▶ **HOW TO COMPLETE THIS TASK**: Please give back word for word the lines of the material below between the line containing "title: Portret van" and the line containing "description: Prent gebruikt", inclusive.

*** AVAILABLE RECORDS Section Begins ***

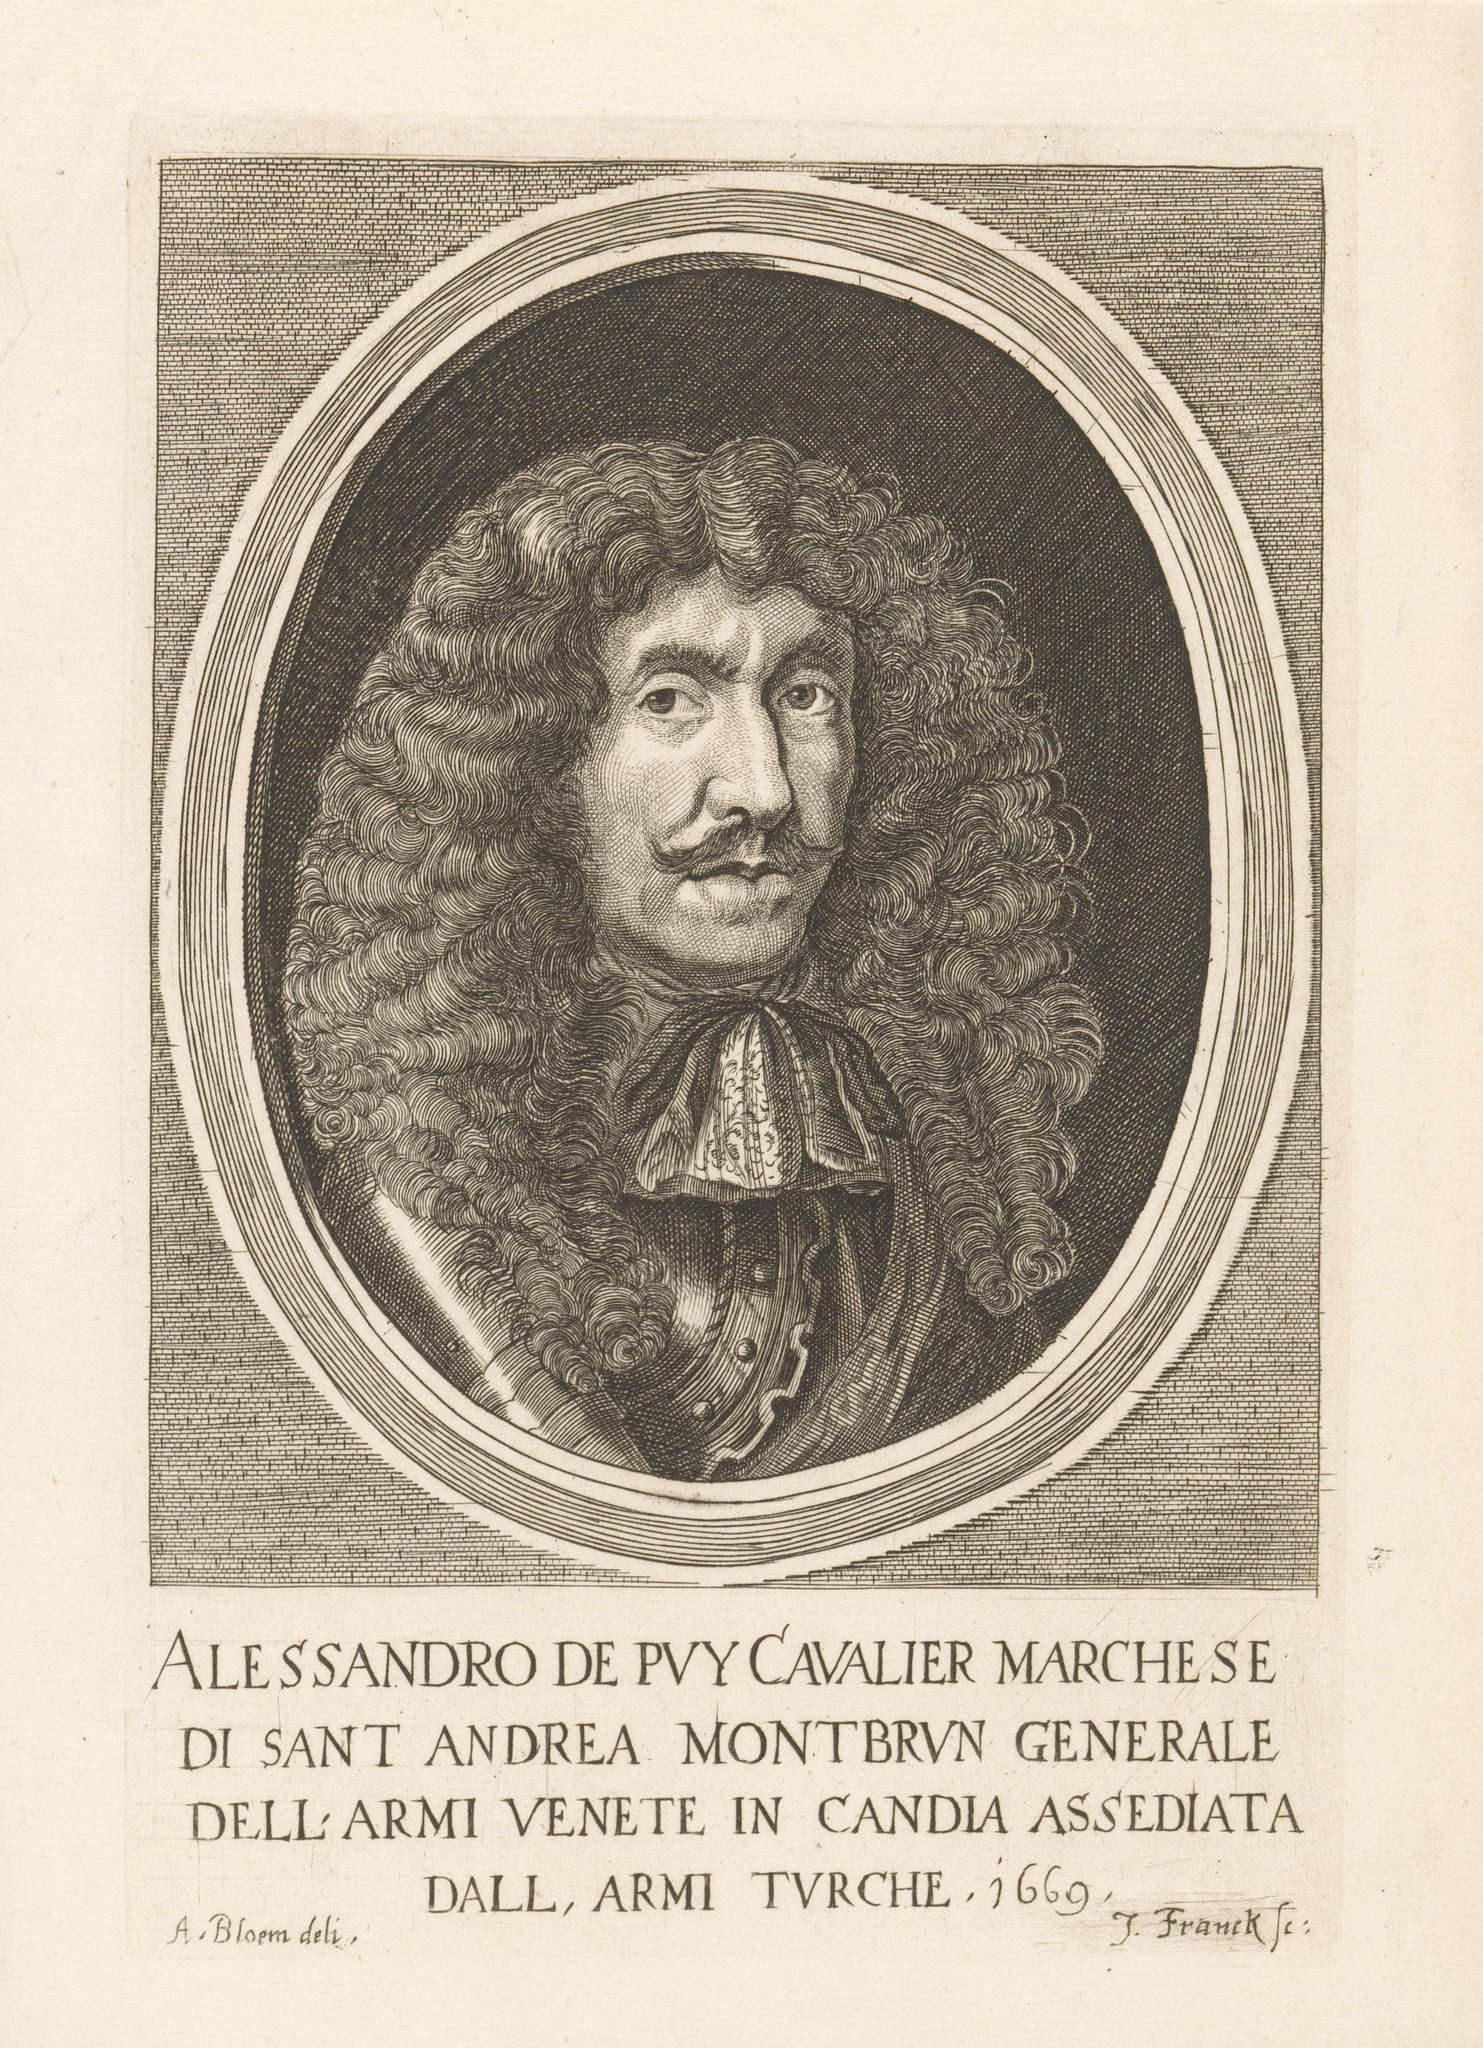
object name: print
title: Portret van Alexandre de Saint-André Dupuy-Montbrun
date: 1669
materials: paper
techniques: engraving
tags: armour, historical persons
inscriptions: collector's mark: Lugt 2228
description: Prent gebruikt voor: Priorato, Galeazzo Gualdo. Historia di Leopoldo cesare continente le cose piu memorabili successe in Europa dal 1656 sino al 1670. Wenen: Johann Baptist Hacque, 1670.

*** AVAILABLE RECORDS Section Ends ***
*** AVAILABLE RECORDS Section Begins ***

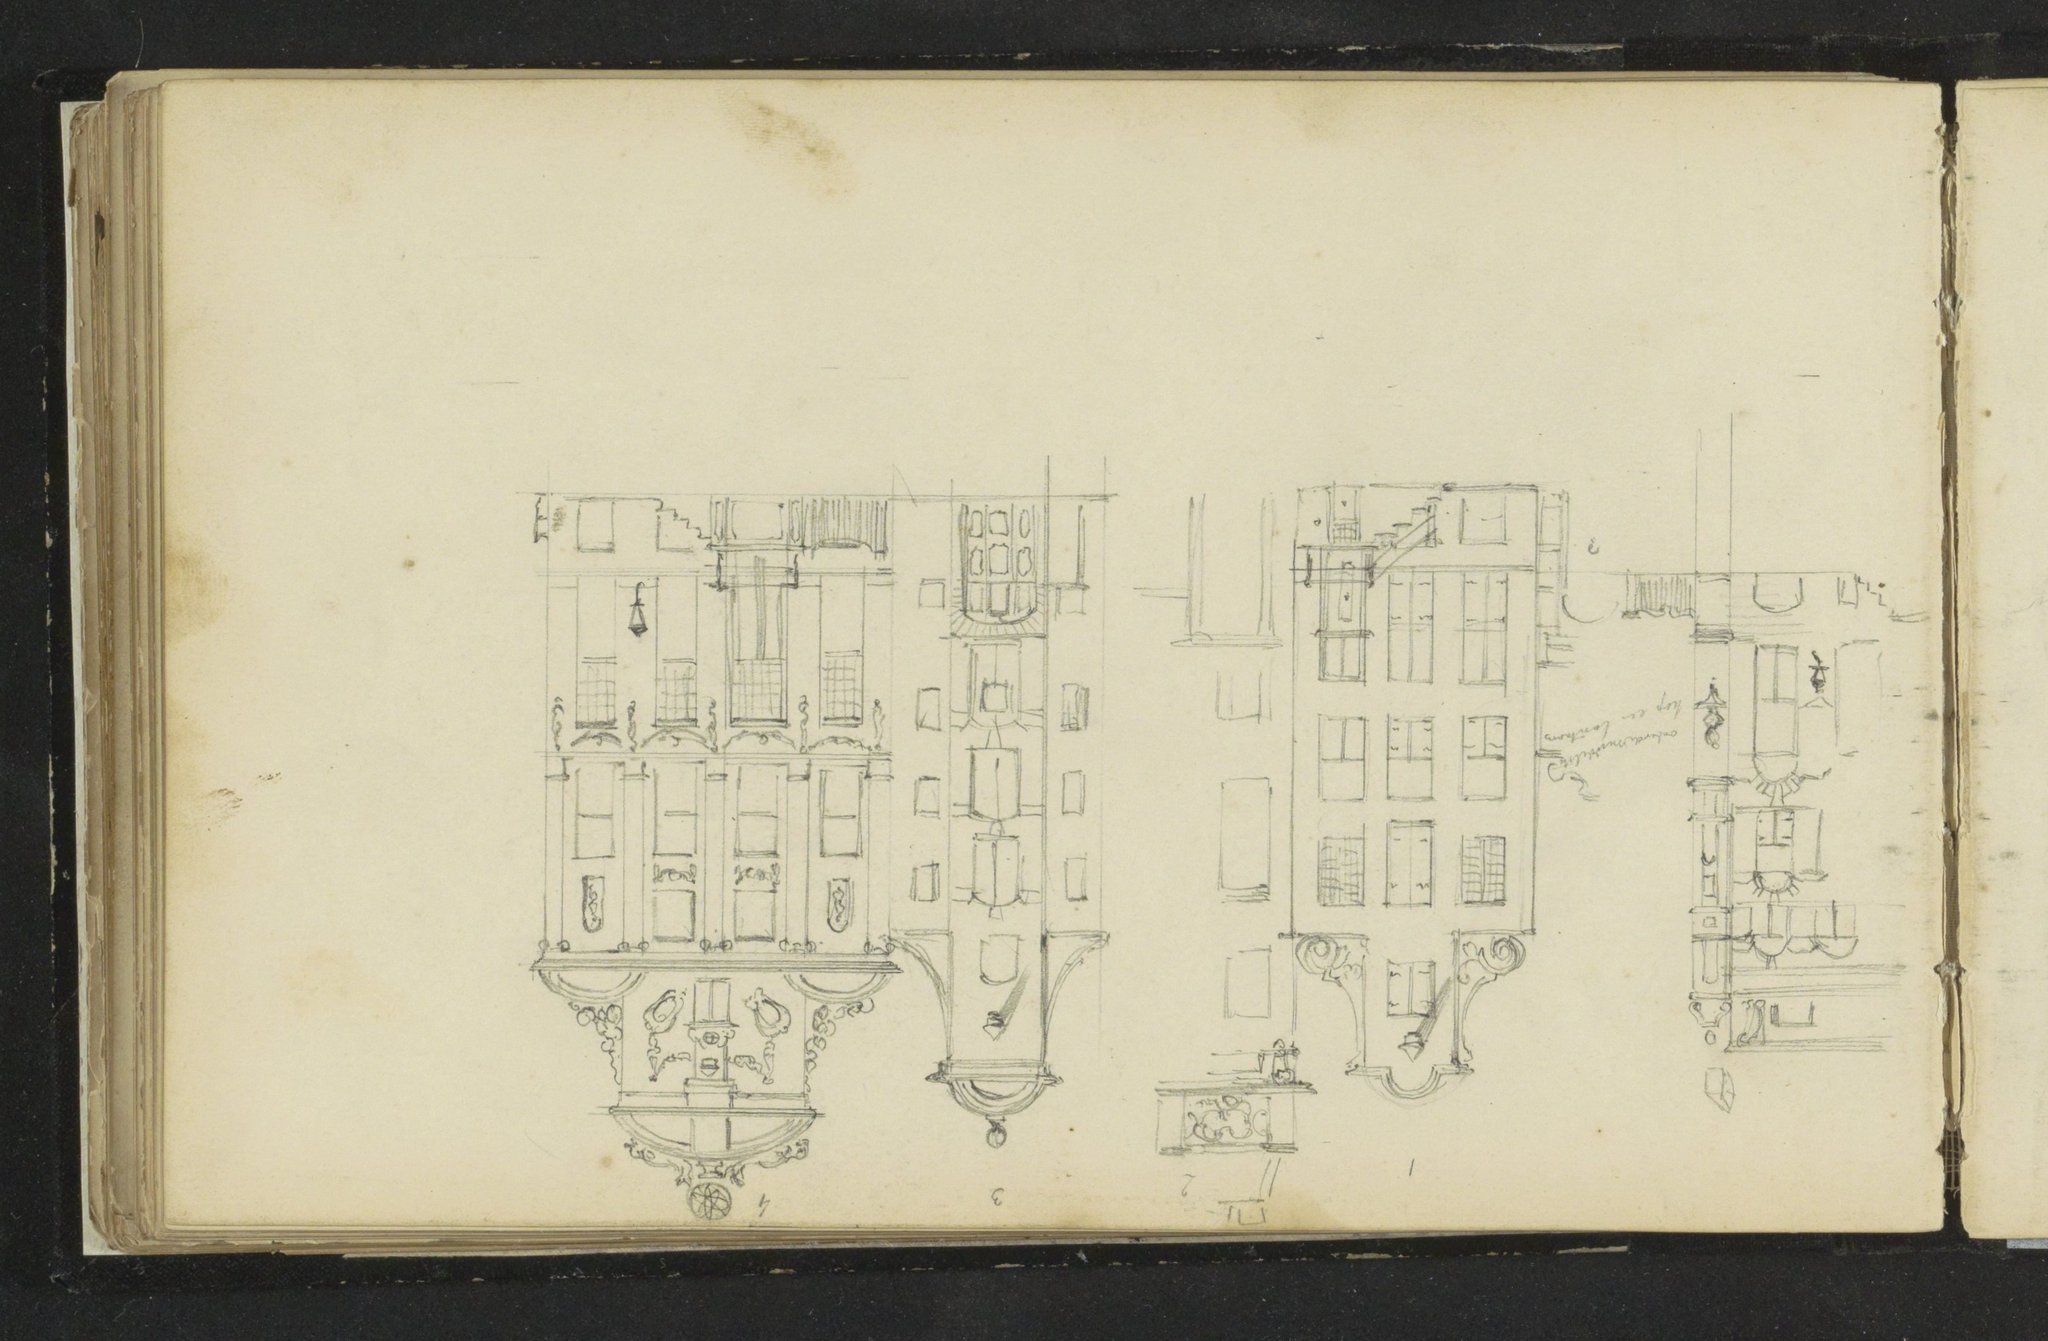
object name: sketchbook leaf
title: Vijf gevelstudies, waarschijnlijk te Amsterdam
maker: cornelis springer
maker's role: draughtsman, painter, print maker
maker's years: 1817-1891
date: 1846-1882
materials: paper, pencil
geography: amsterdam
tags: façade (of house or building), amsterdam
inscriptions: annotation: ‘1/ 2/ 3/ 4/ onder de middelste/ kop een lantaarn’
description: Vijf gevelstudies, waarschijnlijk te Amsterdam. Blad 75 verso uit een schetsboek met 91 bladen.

*** AVAILABLE RECORDS Section Ends ***

▶ **COMPLETED TASK**:
title: Portret van Alexandre de Saint-André Dupuy-Montbrun
date: 1669
materials: paper
techniques: engraving
tags: armour, historical persons
inscriptions: collector's mark: Lugt 2228
description: Prent gebruikt voor: Priorato, Galeazzo Gualdo. Historia di Leopoldo cesare continente le cose piu memorabili successe in Europa dal 1656 sino al 1670. Wenen: Johann Baptist Hacque, 1670.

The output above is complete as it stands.